I thought the same thing till I tried it... flat out astonishing to get this kind of output from one enclosure this small. 

Sent from my SM-G965U using Tapatalk


----------



## jheat2500 (Mar 1, 2021)

Just for an idea how much I had to shoehorn the SQL-12 into a tiny enclosure...had to clear the magnet.


----------



## cman (Aug 24, 2020)

Ok so I know the SQL-12 dropped in price for this sale.. I think down from $350… and am I just tripping or did the price of the amps go up before the sale? I sware I was looking at them before and I don’t remember them being that expensive.. does anyone remember?


----------



## JI808 (Nov 20, 2013)

cman said:


> Ok so I know the SQL-12 dropped in price for this sale.. I think down from $350… and am I just tripping or did the price of the amps go up before the sale? I sware I was looking at them before and I don’t remember them being that expensive.. does anyone remember?

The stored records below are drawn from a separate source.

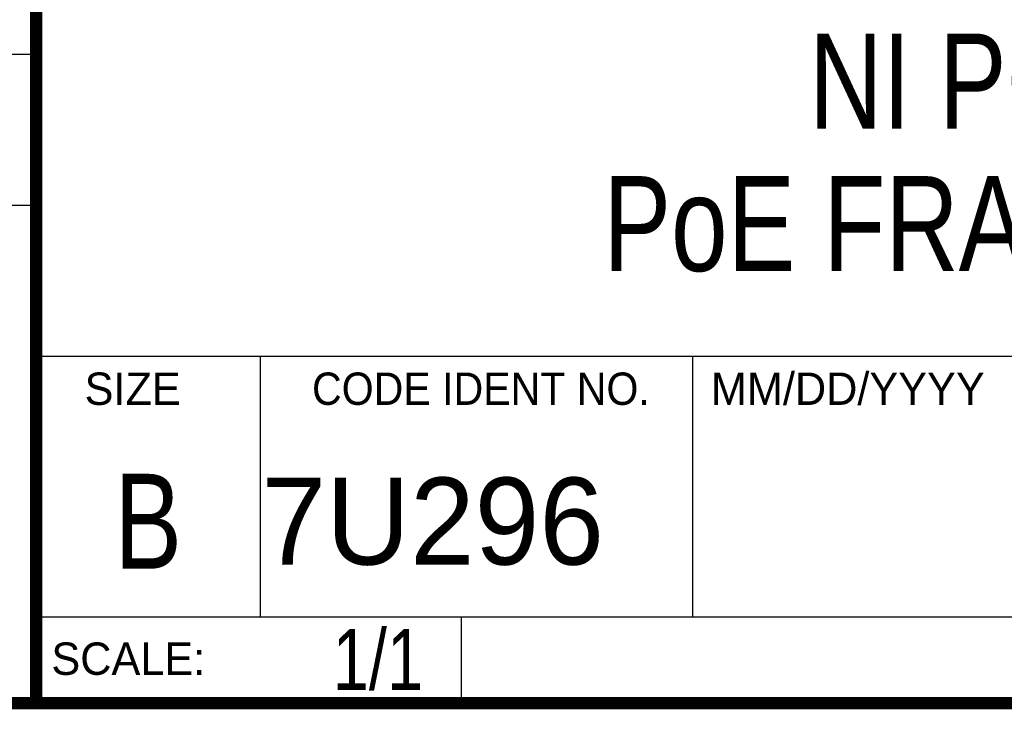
# Model space of a CAD drawing. Header units: inches. Extents: x 0.2 to 16.8, y 0.1 to 10.8.
# Tile 5 of 12: x 13 to 14.7, y 0.2 to 1.4. Entities that reach past the tile are written whole.
import ezdxf

# ---------------------------------------------------------------- set-up
doc = ezdxf.new("R2010")
doc.units = ezdxf.units.IN
doc.header["$LTSCALE"] = 0.935
doc.header["$MEASUREMENT"] = 0
doc.layers.get('0').update_dxf_attribs({"linetype": 'CONTINUOUS'})
doc.layers.add('DETAIL', color=7, linetype='CONTINUOUS')
doc.layers.add('NOTE', color=7, linetype='CONTINUOUS')
doc.styles.get("Standard").update_dxf_attribs({"font": 'txt', "width": 0.8})
doc.styles.add('TEXTSTYLE_2', font='txt')
doc.styles.add('TEXTSTYLE_3', font='txt', dxfattribs={"width": 0.95})

msp = doc.modelspace()

# ---------------------------------------------------------------- linework, layer by layer
at = {"color": 2, "linetype": 'CONTINUOUS'}
for p, q in [((13.0652, 1.9695), (13.0652, 0.2605)), ((11.482, 1.3265), (13.0653, 1.3265)), ((13.0653, 1.0776), (11.482, 1.0776)), ((13.0652, 0.8295), (16.745, 0.8295)), ((13.434, 0.8295), (13.434, 0.4005)), ((14.146, 0.8295), (14.146, 0.4005)), ((13.0652, 0.4005), (16.745, 0.4005)), ((13.765, 0.4005), (13.765, 0.2605)), ((13.0652, 0.2605), (16.745, 0.2605))]:
    msp.add_line(p, q, dxfattribs=at)
at = {"color": 7, "linetype": 'CONTINUOUS', "const_width": 0.02}
for points in [[(13.0653, 1.9707), (13.0653, 0.2586)], [(0.25, 0.2586), (16.75, 0.2586)]]:
    msp.add_lwpolyline(points, dxfattribs=at)

# ---------------------------------------------------------------- texts
at = {"color": 2, "linetype": 'CONTINUOUS', "line_spacing_factor": 0.9}
for s, insert, char_height, width, attachment_point, style in [('SIZE', (13.1451, 0.8027), 0.05325, 0.213016, 1, 'TEXTSTYLE_2'), ('CODE IDENT NO.', (13.7978, 0.8027), 0.053254, 0.708278, 2, 'TEXTSTYLE_3'), ('MM/DD/YYYY', (14.1765, 0.8027), 0.05325, 0.53254, 1, 'TEXTSTYLE_2'), ('SCALE:', (13.0904, 0.3585), 0.05325, 0.319524, 1, 'TEXTSTYLE_2')]:
    msp.add_mtext(s, dxfattribs=dict(at, insert=insert, char_height=char_height, width=width, attachment_point=attachment_point, style=style))
at = {"color": 7, "linetype": 'CONTINUOUS', "insert": (13.2497, 0.6361), "char_height": 0.1562, "width": 0.125, "attachment_point": 2, "line_spacing_factor": 0.9}
msp.add_mtext('B', dxfattribs=at)
at = {"color": 7, "linetype": 'CONTINUOUS', "insert": (13.4363, 0.6298), "char_height": 0.14316, "width": 0.715775, "attachment_point": 1, "line_spacing_factor": 0.9, "style": 'TEXTSTYLE_2'}
msp.add_mtext('7U296', dxfattribs=at)
at = {"layer": 'DETAIL', "color": 7, "linetype": 'CONTINUOUS', "insert": (13.7025, 0.3805), "char_height": 0.1, "width": 0.24, "attachment_point": 3, "line_spacing_factor": 0.9}
msp.add_mtext('1/1', dxfattribs=at)
at = {"layer": 'NOTE', "color": 7, "linetype": 'CONTINUOUS', "insert": (14.9051, 1.3603), "char_height": 0.15625, "width": 2.125, "attachment_point": 2, "line_spacing_factor": 0.9}
msp.add_mtext('NI PCIe-8237R\\PPoE FRAME GRABBER', dxfattribs=at)

doc.saveas('drawing.dxf')

They were on sale when they came out then went to regular pricing after a while. 

They're on sale now.


----------



## Stycker (Jan 31, 2018)

cman said:


> Ok so I know the SQL-12 dropped in price for this sale.. I think down from $350… and am I just tripping or did the price of the amps go up before the sale? I sware I was looking at them before and I don’t remember them being that expensive.. does anyone remember?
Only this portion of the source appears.